Gli abitanti dei 29 Paesi membri dell’Unione Europea sono circa 500 milioni e  solo il 16 per cento, pari a 80 milioni di abitanti, hanno meno di 30 anni.  Viceversa su circa 500 milioni di abitanti della sponda orientale e meridionale del Mediterraneo (sommando le popolazioni dei 22 Stati arabofoni più quelle della Turchia e dell’Iran) ben il 70 per cento ha meno di 30 anni, pari a 350 milioni di abitanti. Quando si mettono su un piatto della bilancia 80 milioni di giovani europei, cristiani in crisi d’identità con una consistente minoranza musulmana, e sull’altro 350 milioni di giovani mediorientali, al 99 per cento musulmani, convinti che l’Islam è l’unica «vera religione» che deve affermarsi ovunque nel mondo, il risultato indubbio è che gli europei sono destinati ad essere sopraffatti demograficamente e colonizzati ideologicamente dagli Islamici.
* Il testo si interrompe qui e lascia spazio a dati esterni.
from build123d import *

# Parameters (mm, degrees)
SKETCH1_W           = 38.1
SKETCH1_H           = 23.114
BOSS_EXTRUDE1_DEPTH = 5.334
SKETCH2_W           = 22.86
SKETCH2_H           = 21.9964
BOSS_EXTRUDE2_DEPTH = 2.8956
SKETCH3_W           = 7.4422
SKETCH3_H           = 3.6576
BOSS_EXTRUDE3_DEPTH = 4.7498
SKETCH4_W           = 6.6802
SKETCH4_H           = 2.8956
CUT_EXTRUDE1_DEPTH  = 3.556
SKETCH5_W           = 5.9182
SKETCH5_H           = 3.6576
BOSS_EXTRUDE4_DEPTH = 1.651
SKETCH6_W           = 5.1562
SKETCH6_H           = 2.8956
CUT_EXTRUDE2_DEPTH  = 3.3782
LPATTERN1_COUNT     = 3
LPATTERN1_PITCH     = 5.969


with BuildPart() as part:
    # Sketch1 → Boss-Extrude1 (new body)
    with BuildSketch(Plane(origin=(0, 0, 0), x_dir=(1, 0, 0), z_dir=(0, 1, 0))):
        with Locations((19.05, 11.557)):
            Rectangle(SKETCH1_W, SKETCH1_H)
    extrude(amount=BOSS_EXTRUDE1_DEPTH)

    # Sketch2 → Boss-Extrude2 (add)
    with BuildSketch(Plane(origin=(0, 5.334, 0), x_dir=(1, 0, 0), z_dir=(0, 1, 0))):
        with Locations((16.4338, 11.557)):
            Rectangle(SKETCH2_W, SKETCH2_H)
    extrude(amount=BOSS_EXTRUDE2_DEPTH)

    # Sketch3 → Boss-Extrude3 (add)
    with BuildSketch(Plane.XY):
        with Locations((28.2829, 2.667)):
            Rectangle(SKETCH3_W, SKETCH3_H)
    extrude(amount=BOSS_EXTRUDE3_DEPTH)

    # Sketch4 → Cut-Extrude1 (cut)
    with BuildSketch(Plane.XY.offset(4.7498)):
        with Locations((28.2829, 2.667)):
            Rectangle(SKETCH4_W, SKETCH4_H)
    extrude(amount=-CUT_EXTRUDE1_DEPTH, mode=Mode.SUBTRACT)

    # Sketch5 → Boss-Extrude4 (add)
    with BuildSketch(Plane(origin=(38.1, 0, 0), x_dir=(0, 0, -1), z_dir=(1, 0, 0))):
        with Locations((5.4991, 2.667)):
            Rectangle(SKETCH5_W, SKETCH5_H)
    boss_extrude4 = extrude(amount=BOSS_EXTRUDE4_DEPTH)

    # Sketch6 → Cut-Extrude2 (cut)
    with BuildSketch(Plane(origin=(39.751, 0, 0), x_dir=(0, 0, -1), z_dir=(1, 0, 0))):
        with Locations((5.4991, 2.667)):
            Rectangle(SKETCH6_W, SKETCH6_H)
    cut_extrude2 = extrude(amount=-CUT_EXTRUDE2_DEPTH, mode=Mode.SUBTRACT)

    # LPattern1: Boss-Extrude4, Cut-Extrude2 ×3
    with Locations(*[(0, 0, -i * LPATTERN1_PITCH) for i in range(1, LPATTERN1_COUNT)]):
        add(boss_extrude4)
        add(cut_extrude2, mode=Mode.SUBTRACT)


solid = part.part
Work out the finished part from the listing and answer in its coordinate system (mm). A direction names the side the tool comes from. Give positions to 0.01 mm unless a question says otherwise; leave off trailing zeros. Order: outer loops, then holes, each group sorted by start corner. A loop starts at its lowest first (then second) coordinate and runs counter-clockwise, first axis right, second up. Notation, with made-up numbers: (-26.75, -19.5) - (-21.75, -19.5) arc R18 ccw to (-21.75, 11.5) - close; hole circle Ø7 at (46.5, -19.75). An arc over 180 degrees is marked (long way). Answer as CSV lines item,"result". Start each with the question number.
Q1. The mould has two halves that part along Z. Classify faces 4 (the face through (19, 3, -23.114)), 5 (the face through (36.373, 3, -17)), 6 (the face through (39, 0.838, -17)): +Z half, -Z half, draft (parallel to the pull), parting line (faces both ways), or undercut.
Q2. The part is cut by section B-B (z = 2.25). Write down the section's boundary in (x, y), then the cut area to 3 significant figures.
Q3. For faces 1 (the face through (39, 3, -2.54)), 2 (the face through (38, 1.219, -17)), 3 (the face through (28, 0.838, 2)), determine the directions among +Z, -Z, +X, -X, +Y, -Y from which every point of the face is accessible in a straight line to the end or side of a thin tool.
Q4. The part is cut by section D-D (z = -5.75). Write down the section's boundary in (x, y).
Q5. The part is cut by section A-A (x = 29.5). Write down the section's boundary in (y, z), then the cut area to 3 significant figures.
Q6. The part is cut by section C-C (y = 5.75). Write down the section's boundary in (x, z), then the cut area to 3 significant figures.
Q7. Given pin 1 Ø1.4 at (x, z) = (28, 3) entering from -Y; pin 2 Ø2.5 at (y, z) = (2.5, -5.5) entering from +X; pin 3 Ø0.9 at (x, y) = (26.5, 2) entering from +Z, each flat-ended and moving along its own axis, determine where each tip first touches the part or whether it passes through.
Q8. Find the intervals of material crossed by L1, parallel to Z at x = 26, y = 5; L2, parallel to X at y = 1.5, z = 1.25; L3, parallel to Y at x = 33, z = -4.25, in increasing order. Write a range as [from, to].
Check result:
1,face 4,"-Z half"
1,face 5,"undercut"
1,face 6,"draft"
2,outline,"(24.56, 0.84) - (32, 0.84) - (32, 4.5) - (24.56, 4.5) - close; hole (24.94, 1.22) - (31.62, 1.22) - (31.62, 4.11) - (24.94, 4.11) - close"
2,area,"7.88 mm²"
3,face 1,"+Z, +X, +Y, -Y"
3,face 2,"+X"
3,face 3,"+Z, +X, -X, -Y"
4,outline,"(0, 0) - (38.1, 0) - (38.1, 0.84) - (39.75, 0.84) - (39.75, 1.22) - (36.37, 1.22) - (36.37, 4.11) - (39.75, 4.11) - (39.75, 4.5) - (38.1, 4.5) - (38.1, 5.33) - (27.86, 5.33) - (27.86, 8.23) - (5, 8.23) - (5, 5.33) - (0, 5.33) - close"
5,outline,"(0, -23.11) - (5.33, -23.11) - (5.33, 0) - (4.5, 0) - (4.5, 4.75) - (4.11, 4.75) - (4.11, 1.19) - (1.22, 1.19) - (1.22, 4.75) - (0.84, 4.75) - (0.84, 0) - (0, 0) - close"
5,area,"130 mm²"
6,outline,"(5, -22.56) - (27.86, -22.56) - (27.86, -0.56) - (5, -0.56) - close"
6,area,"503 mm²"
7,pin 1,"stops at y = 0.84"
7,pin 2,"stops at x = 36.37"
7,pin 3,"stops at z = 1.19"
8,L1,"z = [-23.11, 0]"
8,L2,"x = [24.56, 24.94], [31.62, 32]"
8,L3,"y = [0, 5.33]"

A un certo punto i musulmani non avranno più bisogno di farci la guerra o ricorrere al terrorismo. Potranno sottometterci all’Islam limitandosi ad osservare le regole formali della nostra democrazia, che premia il soggetto politico più organizzato e influente, in grado di condizionare e di accaparrare il consenso della maggioranza, astenendosi dall’entrare nel merito dei contenuti delle ideologie e delle religioni, soprattutto dell’Islam.

L’Italia è l’unico stato al mondo che ha legittimato la clandestinità e con le missioni nel Mediterraneo  ed è l’unico stato che  promuove l’autoinvasione, dando privilegi agli immigrati e li neghiamo agli italiani. Se perdiamo in controllo del territorio, cessiamo di essere padroni in casa nostra.  La conclusione di Allam: dobbiamo scegliere se vogliamo combattere per difendere le nostre libertà, essere padroni in casa nostra, essere consapevoli che, o si combatte per vincere, o finiremo sottomessi all’Islam.